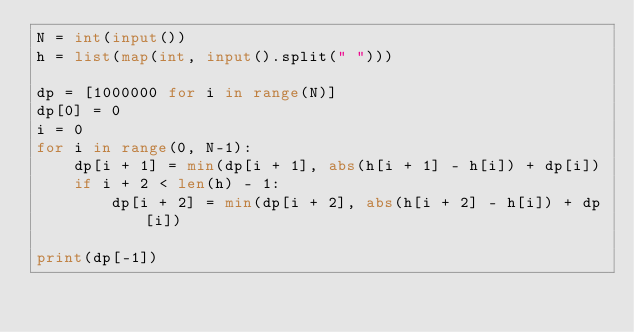Convert code to text. <code><loc_0><loc_0><loc_500><loc_500><_Python_>N = int(input())
h = list(map(int, input().split(" ")))

dp = [1000000 for i in range(N)]
dp[0] = 0
i = 0
for i in range(0, N-1):
    dp[i + 1] = min(dp[i + 1], abs(h[i + 1] - h[i]) + dp[i])
    if i + 2 < len(h) - 1:
        dp[i + 2] = min(dp[i + 2], abs(h[i + 2] - h[i]) + dp[i])

print(dp[-1])</code> 
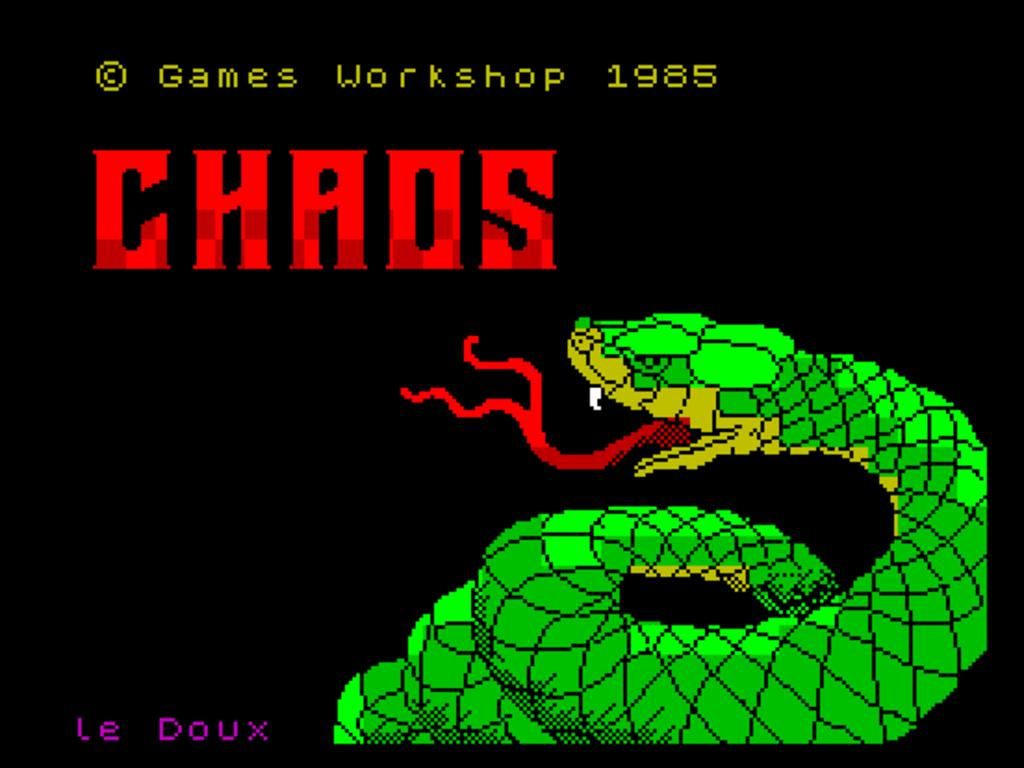What type of image is at the bottom of the picture? There is a cartoon picture of a snake at the bottom of the image. What can be found at the top of the image? There is text at the top of the image. What type of work is the snake doing in the image? There is no indication of the snake performing any work in the image, as it is a cartoon picture. What type of tongue does the snake have in the image? The image is a cartoon, and cartoon snakes typically do not have realistic tongues.

§ §

* **TASK INSTRUCTIONS**: From the entries, copy out each line containing the word "range".

* **EXPECTED OUTPUT**:
dp = [1000000 for i in range(N)]
for i in range(0, N-1):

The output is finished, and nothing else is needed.